### YOUR ASSIGNMENT
Set down a true copy of the data, with all pictures left out.

--- DATASET Enclosed Below ---

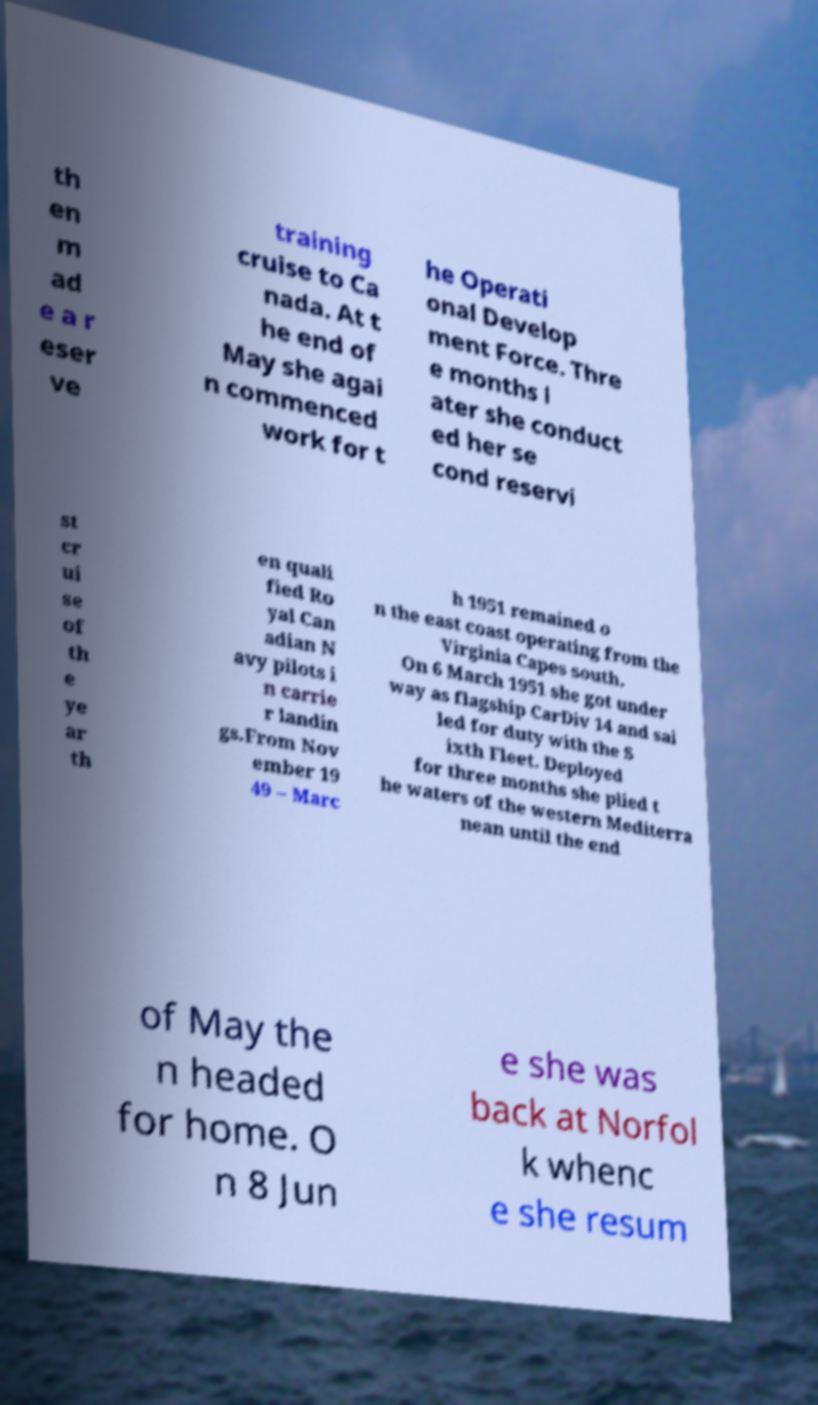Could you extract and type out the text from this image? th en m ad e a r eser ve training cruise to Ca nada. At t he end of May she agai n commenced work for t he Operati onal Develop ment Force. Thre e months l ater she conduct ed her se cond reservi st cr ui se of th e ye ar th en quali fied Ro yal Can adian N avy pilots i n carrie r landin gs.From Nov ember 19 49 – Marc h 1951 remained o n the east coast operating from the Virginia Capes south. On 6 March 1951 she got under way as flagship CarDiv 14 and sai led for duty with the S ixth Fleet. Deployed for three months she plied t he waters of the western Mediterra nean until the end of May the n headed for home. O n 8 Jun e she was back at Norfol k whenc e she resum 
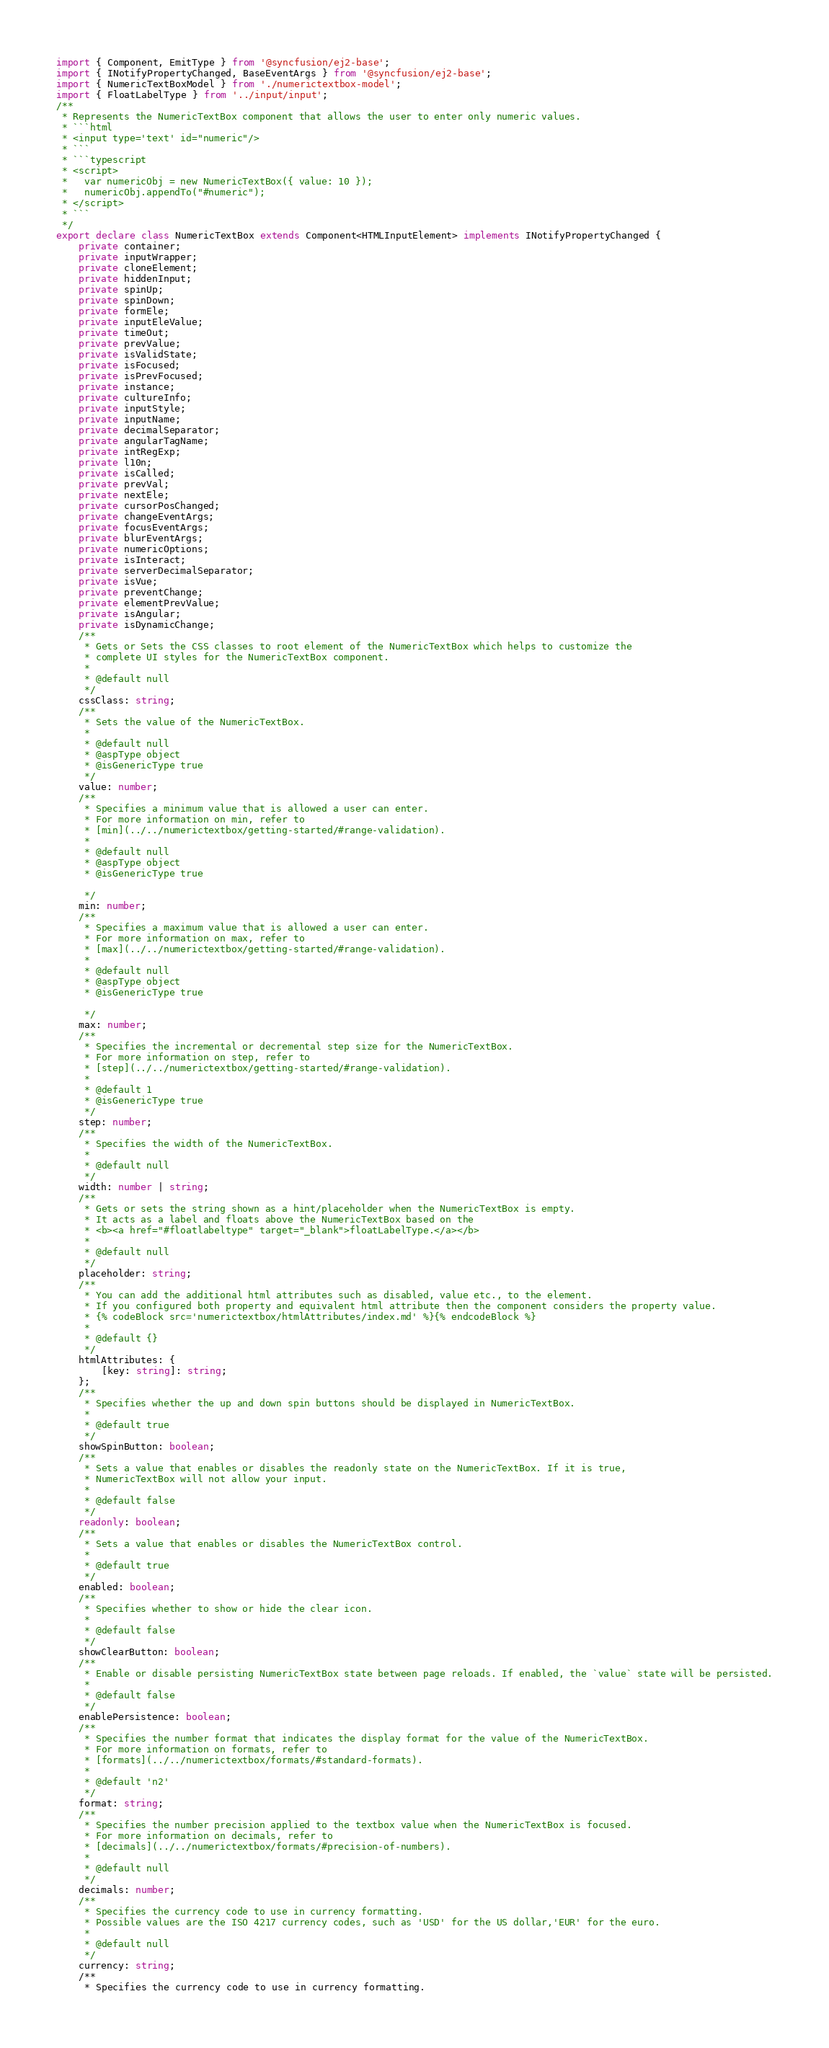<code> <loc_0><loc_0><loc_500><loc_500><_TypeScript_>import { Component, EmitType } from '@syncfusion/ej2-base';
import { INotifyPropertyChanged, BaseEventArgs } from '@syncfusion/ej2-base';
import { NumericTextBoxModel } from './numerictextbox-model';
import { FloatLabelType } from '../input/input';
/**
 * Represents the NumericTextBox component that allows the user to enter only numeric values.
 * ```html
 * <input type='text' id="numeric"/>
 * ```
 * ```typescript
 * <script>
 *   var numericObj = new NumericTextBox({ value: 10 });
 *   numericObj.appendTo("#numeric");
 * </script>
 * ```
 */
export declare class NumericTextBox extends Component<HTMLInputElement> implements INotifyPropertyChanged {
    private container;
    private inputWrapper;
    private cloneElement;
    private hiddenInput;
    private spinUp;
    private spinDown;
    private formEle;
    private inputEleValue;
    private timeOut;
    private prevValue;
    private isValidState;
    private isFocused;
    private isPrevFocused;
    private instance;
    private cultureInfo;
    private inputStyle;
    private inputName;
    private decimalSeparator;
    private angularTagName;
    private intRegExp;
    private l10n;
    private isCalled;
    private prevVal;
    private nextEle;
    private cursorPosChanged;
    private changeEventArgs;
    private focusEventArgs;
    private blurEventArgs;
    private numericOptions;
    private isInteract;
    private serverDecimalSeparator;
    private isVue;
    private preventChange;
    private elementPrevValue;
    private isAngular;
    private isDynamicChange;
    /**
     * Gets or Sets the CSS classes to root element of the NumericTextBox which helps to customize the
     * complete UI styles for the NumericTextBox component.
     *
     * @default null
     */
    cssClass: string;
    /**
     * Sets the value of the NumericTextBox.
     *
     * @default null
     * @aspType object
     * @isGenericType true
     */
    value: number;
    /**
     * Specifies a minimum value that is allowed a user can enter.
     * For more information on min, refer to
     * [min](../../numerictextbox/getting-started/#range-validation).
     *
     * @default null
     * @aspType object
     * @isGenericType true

--- End of Enclosed DATASET ---

### SOLUTION FOR THIS PROBLEM
Could you extract and type out the text from this image? th en m ad e a r eser ve training cruise to Ca nada. At t he end of May she agai n commenced work for t he Operati onal Develop ment Force. Thre e months l ater she conduct ed her se cond reservi st cr ui se of th e ye ar th en quali fied Ro yal Can adian N avy pilots i n carrie r landin gs.From Nov ember 19 49 – Marc h 1951 remained o n the east coast operating from the Virginia Capes south. On 6 March 1951 she got under way as flagship CarDiv 14 and sai led for duty with the S ixth Fleet. Deployed for three months she plied t he waters of the western Mediterra nean until the end of May the n headed for home. O n 8 Jun e she was back at Norfol k whenc e she resum 
<code> <loc_0><loc_0><loc_500><loc_500><_TypeScript_>import { Component, EmitType } from '@syncfusion/ej2-base';
import { INotifyPropertyChanged, BaseEventArgs } from '@syncfusion/ej2-base';
import { NumericTextBoxModel } from './numerictextbox-model';
import { FloatLabelType } from '../input/input';
/**
 * Represents the NumericTextBox component that allows the user to enter only numeric values.
 * ```html
 * <input type='text' id="numeric"/>
 * ```
 * ```typescript
 * <script>
 *   var numericObj = new NumericTextBox({ value: 10 });
 *   numericObj.appendTo("#numeric");
 * </script>
 * ```
 */
export declare class NumericTextBox extends Component<HTMLInputElement> implements INotifyPropertyChanged {
    private container;
    private inputWrapper;
    private cloneElement;
    private hiddenInput;
    private spinUp;
    private spinDown;
    private formEle;
    private inputEleValue;
    private timeOut;
    private prevValue;
    private isValidState;
    private isFocused;
    private isPrevFocused;
    private instance;
    private cultureInfo;
    private inputStyle;
    private inputName;
    private decimalSeparator;
    private angularTagName;
    private intRegExp;
    private l10n;
    private isCalled;
    private prevVal;
    private nextEle;
    private cursorPosChanged;
    private changeEventArgs;
    private focusEventArgs;
    private blurEventArgs;
    private numericOptions;
    private isInteract;
    private serverDecimalSeparator;
    private isVue;
    private preventChange;
    private elementPrevValue;
    private isAngular;
    private isDynamicChange;
    /**
     * Gets or Sets the CSS classes to root element of the NumericTextBox which helps to customize the
     * complete UI styles for the NumericTextBox component.
     *
     * @default null
     */
    cssClass: string;
    /**
     * Sets the value of the NumericTextBox.
     *
     * @default null
     * @aspType object
     * @isGenericType true
     */
    value: number;
    /**
     * Specifies a minimum value that is allowed a user can enter.
     * For more information on min, refer to
     * [min](../../numerictextbox/getting-started/#range-validation).
     *
     * @default null
     * @aspType object
     * @isGenericType true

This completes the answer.